Tribal members hold their traditional teachings in high regard in their decision making, Bends said. Many traditional members of the tribe still hold the words of the prophet Sweet Medicine above the pressures of poverty and unemployment.
“Stand and protect your land and your people,” Sweet Medicine said to the Cheyenne people. And for now, his words remain true. Though there is a divide across the tribe on whether or not to mine the coal, the coal on the reservation remains currently untouched by developers.
It is estimated that the reservation sits on 23 billion tons of coal, according to a BIA Administrative Report on the Status of Mineral Resource Information for the Northern Cheyenne Indian Reservation. It’s one of the densest coal deposits in the U.S. Coal can be seen breaking the surface of the hills surrounding and crumbling down the hillside of Highway 212 along the stretch between Lame Deer and Ashland.
Coal started to form around 60 million years ago when the land began to rise from a shallow sea, said Heffern, who also worked for the Northern Cheyenne Research Project in the late 1970s. The reservation now resides in the heart of the Powder River Basin, the largest coal-producing region in the U.S. It’s a long stretch of coal-filled land across southeastern Montana and into northeastern Wyoming.
Coal developers line the Powder River Basin and near the reservation. Lame Deer’s neighboring town, Colstrip, has boomed in population and revenue thanks to the 54-year-old Rosebud Mine. The mine ranks as one of the largest coal mines in the U.S. — and emitted 15 million metric tons of carbon dioxide in a 2019 study by ClimateWire.
But the mine could be trouble. It is estimated to run out of coal within the next three to five years. Without expansion, the plant could shut down, and with it the revenue it brings. The approximately 800 full-time jobs the mine provides could run out for the people of Colstrip and those on the reservation who travel to work at the mine.
This puts extreme pressure on tribal members to reconsider coal development. The tribe’s neighboring reservation, the Crow Indian reservation, accepted coal mining on its land in 1974, and coal mining is now the reservation’s main source of revenue, according to Bloomberg Law.
Yet, despite the multitude of pressures to mine, the Tsis tsis’tas tribe persists against it. But coal still burns on the reservation.
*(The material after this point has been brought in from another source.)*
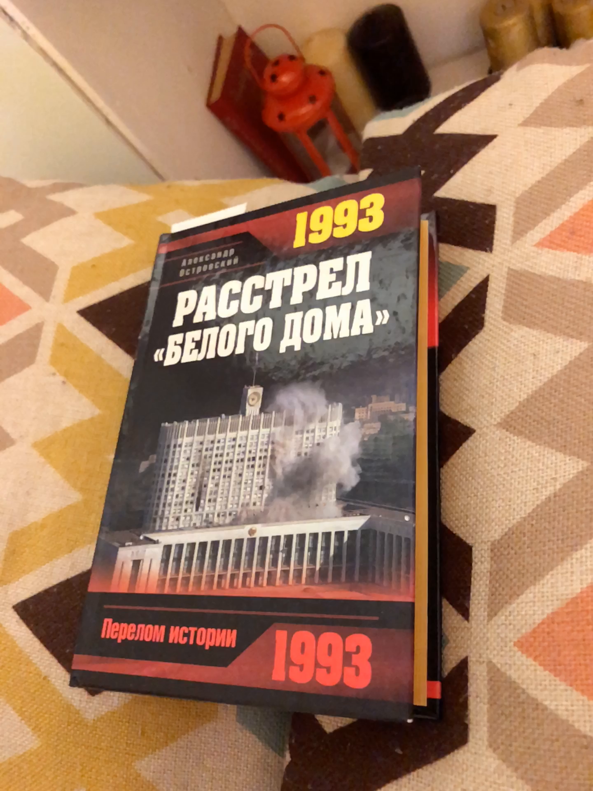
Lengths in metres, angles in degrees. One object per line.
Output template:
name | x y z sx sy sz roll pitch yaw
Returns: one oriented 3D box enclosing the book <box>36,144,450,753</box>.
book | -0.016 0.012 0.258 0.140 0.030 0.211 -9 62 27

It was Randy Elliott’s second day at his new job as fire protection director and fire chief on the reservation when the Richard Spring fire ignited. Elliott, an enrolled member of the Tsis tsis’tas tribe, was in charge of evacuation and protecting houses in Lame Deer.
“I mean, how do you fight the nature of the beast?” Elliott said. “You just try to be prepared.”
Randy Elliott sprayed more than 4,000 gallons of water on a coal seam that cuts alongside the highway from Lame Deer to Ashland this August when it caught fire. But, even months later, he said he’s confident it’s still burning beneath the surface and he’ll be fighting it again soon.
In early March, Elliott received a new emergency fire vehicle through CARES Act funding and other outlets like the American Rescue Plan Act and the Eastern Action for Montana funding. It is equipped with 400 gallons of water, and the tribal council agreed the truck will stay with him 24/7.
“This truck stays with me at all times. That way, I’m available to hit the field at any time because the quicker I can get there the quicker we can put the fire out,” Elliott said.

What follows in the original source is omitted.